Vietnam has many unique drinks that have recently made their way into mainstream culture, although it is obvious that egg coffee in particular is the most popular one, probably because of how different it is from most other types of coffee drinks. 


Thai Iced Coffee


If you have to know anything about Thailand, it’s that it’s very hot. And humid. And although this can be paradisiacal, for those living there it can get to be too much. So Thai people are constantly looking for things to cold themselves off. 


Coffee has always been a very popular drink here, despite the climate. But it turns out that most people take their coffee iced instead of hot, which makes a lot of sense. 


Thai coffee isn’t like any other iced coffee, though. Most of the coffee that can be made at home in Thailand is black, brewed coffee. There wasn’t a lot of access to espresso in the past, which would make it difficult to make an iced coffee that was more than just coffee and ice.


Yet they figured out a way to make it into a frothy drink: using condensed milk. This is a type of milk which has been evaporated, so it’s super dense and thick. Plus, it’s sweet, so you’re essentially killing two birds with one stone: you sweeten the drink, and you make it creamy. 


One of the best things about Thai iced coffee is that it’s incredibly easy to make. You don’t need to fire up the espresso machine, you don’t need to calculate the exact amount of ice and water that you need like with Japanese iced coffee. 


And that’s the whole point! You’re already sweating everywhere, you just want to put together a coffee and cool off. 


Matcha Latte

Japan is making another appearance here, this time with the matcha latte. You probably have had a matcha latte before, but might not know exactly what it is. What is matcha?


As you may know, green tea is big in Japan.
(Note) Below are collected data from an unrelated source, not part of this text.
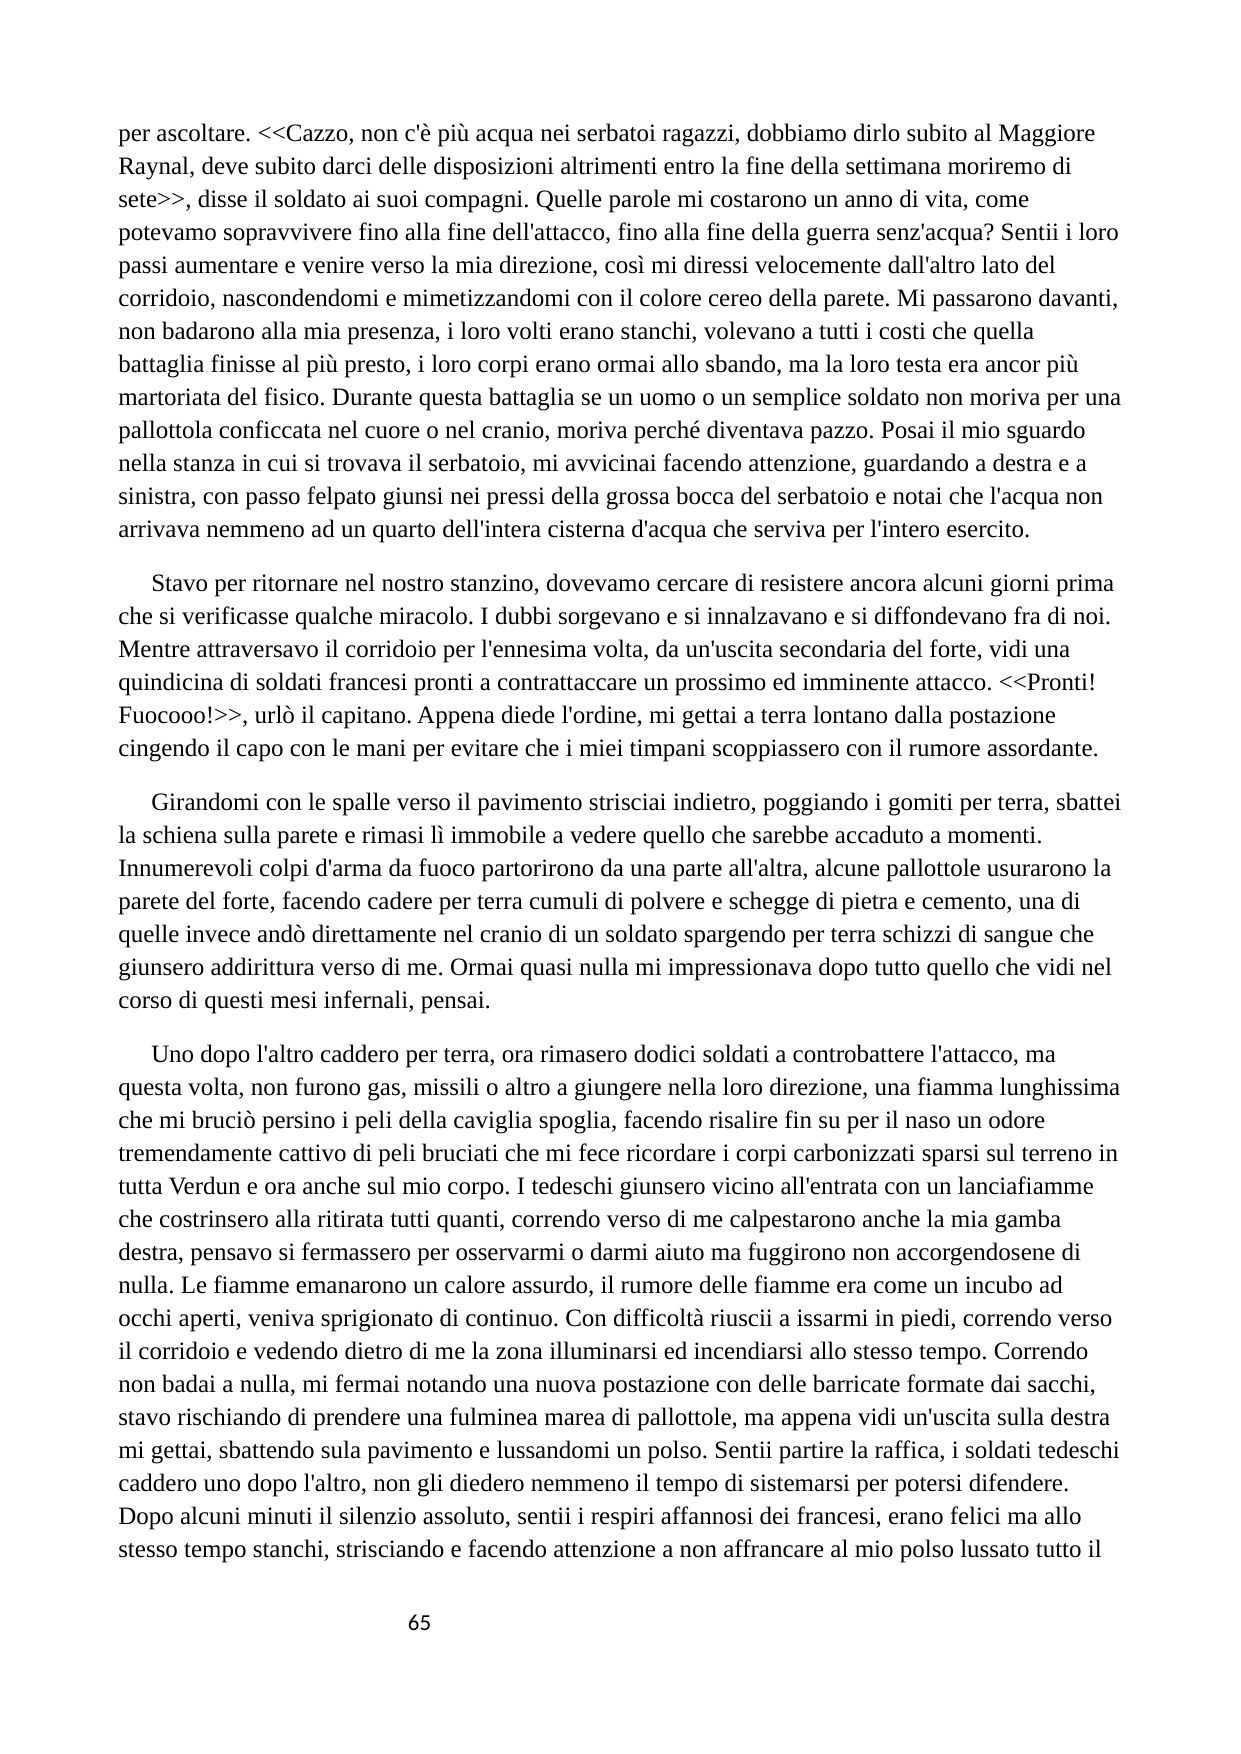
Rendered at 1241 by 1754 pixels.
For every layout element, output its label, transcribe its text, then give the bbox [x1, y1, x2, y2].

text Stavo per ritornare nel nostro stanzino, dovevamo cercare di resistere ancora alcuni giorni prima che si verificasse qualche miracolo. I dubbi sorgevano e si innalzavano e si diffondevano fra di noi. Mentre attraversavo il corridoio per l'ennesima volta, da un'uscita secondaria del forte, vidi una quindicina di soldati francesi pronti a contrattaccare un prossimo ed imminente attacco. <<Pronti! Fuocooo!>>, urlò il capitano. Appena diede l'ordine, mi gettai a terra lontano dalla postazione cingendo il capo con le mani per evitare che i miei timpani scoppiassero con il rumore assordante. [118, 568, 1122, 762]
text per ascoltare. <<Cazzo, non c'è più acqua nei serbatoi ragazzi, dobbiamo dirlo subito al Maggiore Raynal, deve subito darci delle disposizioni altrimenti entro la fine della settimana moriremo di sete>>, disse il soldato ai suoi compagni. Quelle parole mi costarono un anno di vita, come potevamo sopravvivere fino alla fine dell'attacco, fino alla fine della guerra senz'acqua? Sentii i loro passi aumentare e venire verso la mia direzione, così mi diressi velocemente dall'altro lato del corridoio, nascondendomi e mimetizzandomi con il colore cereo della parete. Mi passarono davanti, non badarono alla mia presenza, i loro volti erano stanchi, volevano a tutti i costi che quella battaglia finisse al più presto, i loro corpi erano ormai allo sbando, ma la loro testa era ancor più martoriata del fisico. Durante questa battaglia se un uomo o un semplice soldato non moriva per una pallottola conficcata nel cuore o nel cranio, moriva perché diventava pazzo. Posai il mio sguardo nella stanza in cui si trovava il serbatoio, mi avvicinai facendo attenzione, guardando a destra e a sinistra, con passo felpato giunsi nei pressi della grossa bocca del serbatoio e notai che l'acqua non arrivava nemmeno ad un quarto dell'intera cisterna d'acqua che serviva per l'intero esercito. [118, 118, 1122, 543]
text Uno dopo l'altro caddero per terra, ora rimasero dodici soldati a controbattere l'attacco, ma questa volta, non furono gas, missili o altro a giungere nella loro direzione, una fiamma lunghissima che mi bruciò persino i peli della caviglia spoglia, facendo risalire fin su per il naso un odore tremendamente cattivo di peli bruciati che mi fece ricordare i corpi carbonizzati sparsi sul terreno in tutta Verdun e ora anche sul mio corpo. I tedeschi giunsero vicino all'entrata con un lanciafiamme che costrinsero alla ritirata tutti quanti, correndo verso di me calpestarono anche la mia gamba destra, pensavo si fermassero per osservarmi o darmi aiuto ma fuggirono non accorgendosene di nulla. Le fiamme emanarono un calore assurdo, il rumore delle fiamme era come un incubo ad occhi aperti, veniva sprigionato di continuo. Con difficoltà riuscii a issarmi in piedi, correndo verso il corridoio e vedendo dietro di me la zona illuminarsi ed incendiarsi allo stesso tempo. Correndo non badai a nulla, mi fermai notando una nuova postazione con delle barricate formate dai sacchi, stavo rischiando di prendere una fulminea marea di pallottole, ma appena vidi un'uscita sulla destra mi gettai, sbattendo sula pavimento e lussandomi un polso. Sentii partire la raffica, i soldati tedeschi caddero uno dopo l'altro, non gli diedero nemmeno il tempo di sistemarsi per potersi difendere. Dopo alcuni minuti il silenzio assoluto, sentii i respiri affannosi dei francesi, erano felici ma allo stesso tempo stanchi, strisciando e facendo attenzione a non affrancare al mio polso lussato tutto il [118, 1039, 1122, 1563]
text Girandomi con le spalle verso il pavimento strisciai indietro, poggiando i gomiti per terra, sbattei la schiena sulla parete e rimasi lì immobile a vedere quello che sarebbe accaduto a momenti. Innumerevoli colpi d'arma da fuoco partorirono da una parte all'altra, alcune pallottole usurarono la parete del forte, facendo cadere per terra cumuli di polvere e schegge di pietra e cemento, una di quelle invece andò direttamente nel cranio di un soldato spargendo per terra schizzi di sangue che giunsero addirittura verso di me. Ormai quasi nulla mi impressionava dopo tutto quello che vidi nel corso di questi mesi infernali, pensai. [118, 787, 1122, 1014]
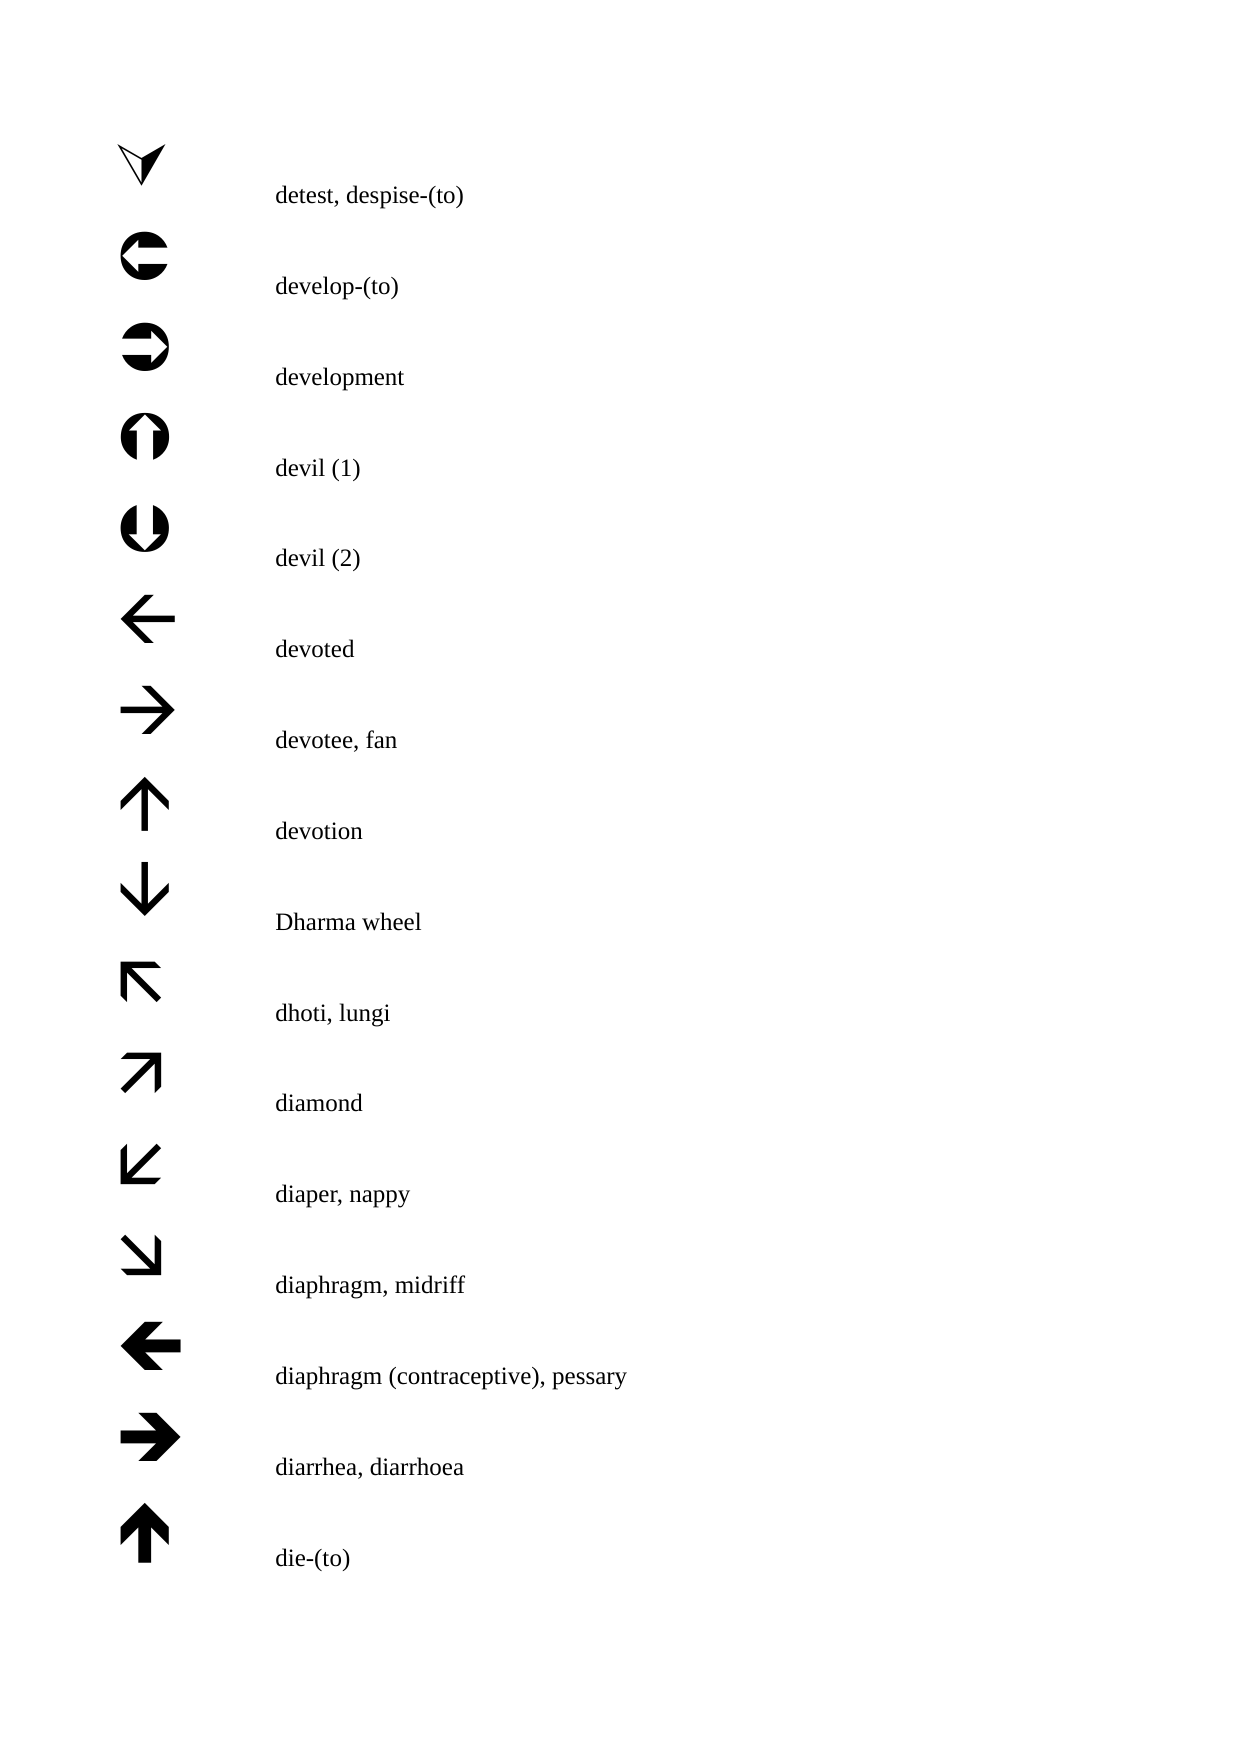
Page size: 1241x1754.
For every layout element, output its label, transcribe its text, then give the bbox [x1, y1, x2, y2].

table_cell diaphragm (contraceptive), pessary [275, 1299, 949, 1390]
table_cell diaper, nappy [275, 1117, 949, 1208]
table_cell  [115, 391, 275, 481]
table_cell die-(to) [275, 1481, 949, 1571]
table_cell detest, despise-(to) [275, 118, 949, 209]
table_cell  [115, 936, 275, 1026]
table_cell Dharma wheel [275, 845, 949, 936]
table_cell devil (1) [275, 391, 949, 481]
table_cell  [115, 1117, 275, 1208]
table_cell develop-(to) [275, 209, 949, 300]
table_cell diamond [275, 1026, 949, 1117]
table_cell devil (2) [275, 481, 949, 572]
table_cell dhoti, lungi [275, 936, 949, 1026]
table_cell devoted [275, 572, 949, 663]
table_cell  [115, 1481, 275, 1571]
table_cell devotee, fan [275, 663, 949, 754]
table_cell  [115, 1208, 275, 1299]
table_cell diaphragm, midriff [275, 1208, 949, 1299]
table_cell development [275, 300, 949, 391]
table_cell  [115, 209, 275, 300]
table_cell  [115, 300, 275, 391]
table_cell devotion [275, 754, 949, 845]
table_cell  [115, 754, 275, 845]
table_cell  [115, 481, 275, 572]
table_cell  [115, 663, 275, 754]
table_cell  [115, 572, 275, 663]
table_cell  [115, 1299, 275, 1390]
table_cell diarrhea, diarrhoea [275, 1390, 949, 1481]
table_cell  [115, 1390, 275, 1481]
table_cell  [115, 118, 275, 209]
table_cell  [115, 845, 275, 936]
table_cell  [115, 1026, 275, 1117]

Like, huge. They’ve been drinking it nonstop for thousands of years. So it figures that they would get really good at making it and even growing it: they figured out that they can grow tea trees in the shade, which turns the leaves a darker hue of green, making them more savory. 


To double down on it, these leaves are then made into powder (instead of just steeping them, like all other tea) and then diluted into a frothy, vibrant green beverage. This is matcha: powdered green tea which is grown in the shade. 


Matcha has a unique flavor like no other type of green tea, one that goes particularly well with coffee. As soon as this was discovered, matcha became a regular ingredient in most Japanese coffee shops and it wasn’t long before the whole world wanted to try a matcha latte.